Wednesday, 6 March 2024

Kurush: The First City - Chapter 18

Anka was pacing in front of the gate to the Rush. Many of Kurush’s teenagers worked as message couriers – not the most reliable system at the best of times, and it was a given that they’d inspect the message entrusted to them for any hint of gossip. Anka had managed to employ their old neighbour Ekur, the lecherous lisha was much more subdued than the last time they’d met. He would recognise Oresh, but all the direction she could give him was ‘he lives somewhere in the Ekuan quarter now’. Maybe Ekur had spent hours wandering the Ekuan quarter before giving up? Or maybe she had made a mistake on the tablet – the character for ‘midday’ looked a bit like the one for ‘waste’, what if Oresh was waiting for her at the rubbish tip? It’s only Oresh, she reminded herself, he’s just an old friend.

When she saw him ambling her way with a goofy smile, the arrowheads running up his face making him look absurdly anxious, her nerves evaporated. She ran up to him.
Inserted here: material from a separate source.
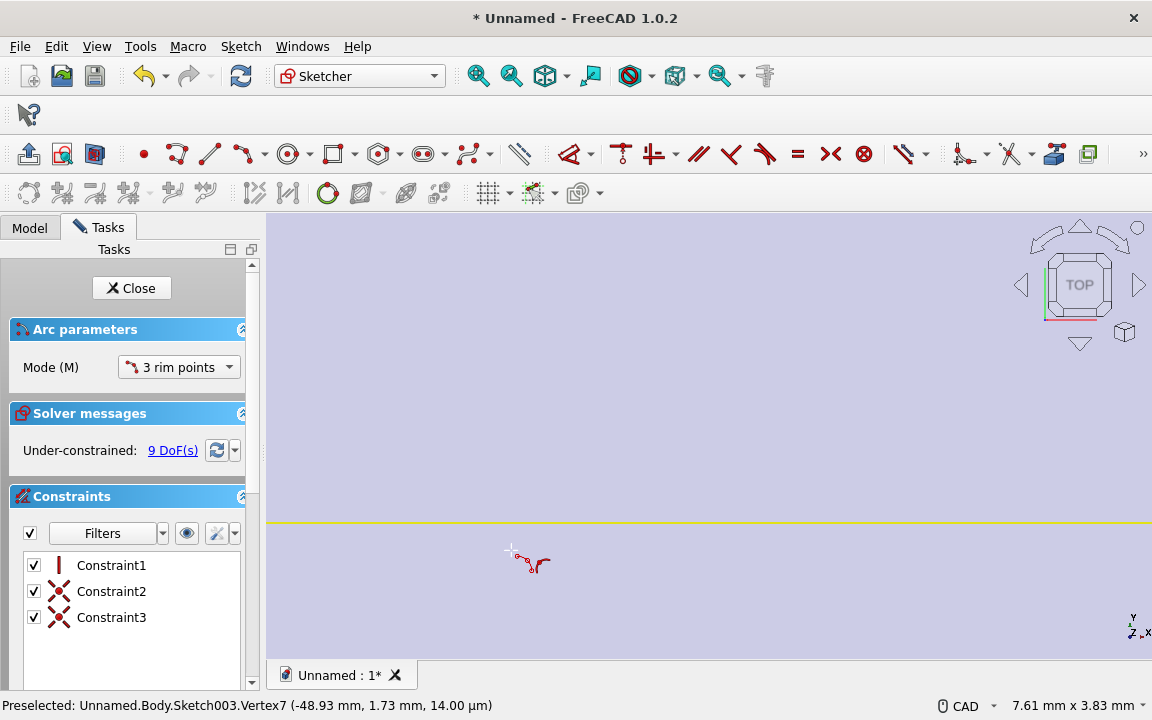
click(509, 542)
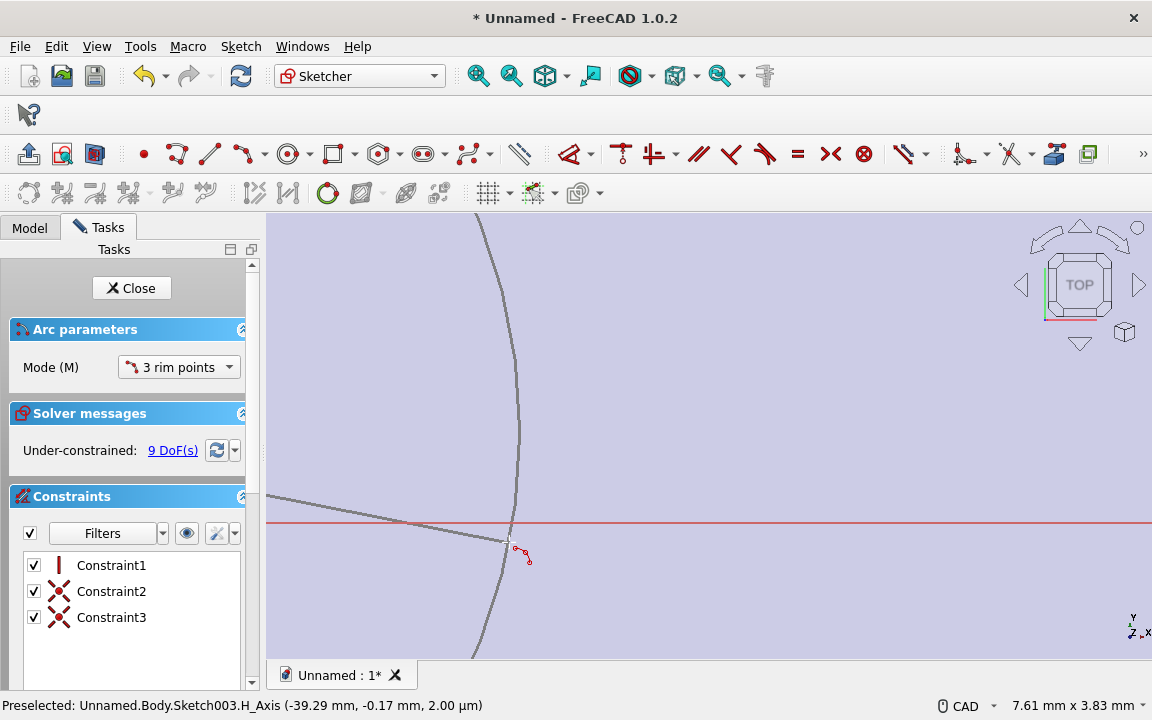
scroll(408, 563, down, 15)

“I was so glad to get your message,” said Oresh, “I was starting to think you’d forgotten about me”

“I said I wouldn’t, didn’t I?”

He was carrying her family’s ancestral chest, which he put on the ground. Before Anka could lean down to pick it up, he wrapped his arms around her and held her tight.

“When I saw you running away over the rooftops that night, I thought I might never see you again”

Anka stroked his back, “To be honest, I’m surprised I made it this far as well. But I’m fine now”

She opened the chest to see Shanessa’s figurine atop the stack of ancestors.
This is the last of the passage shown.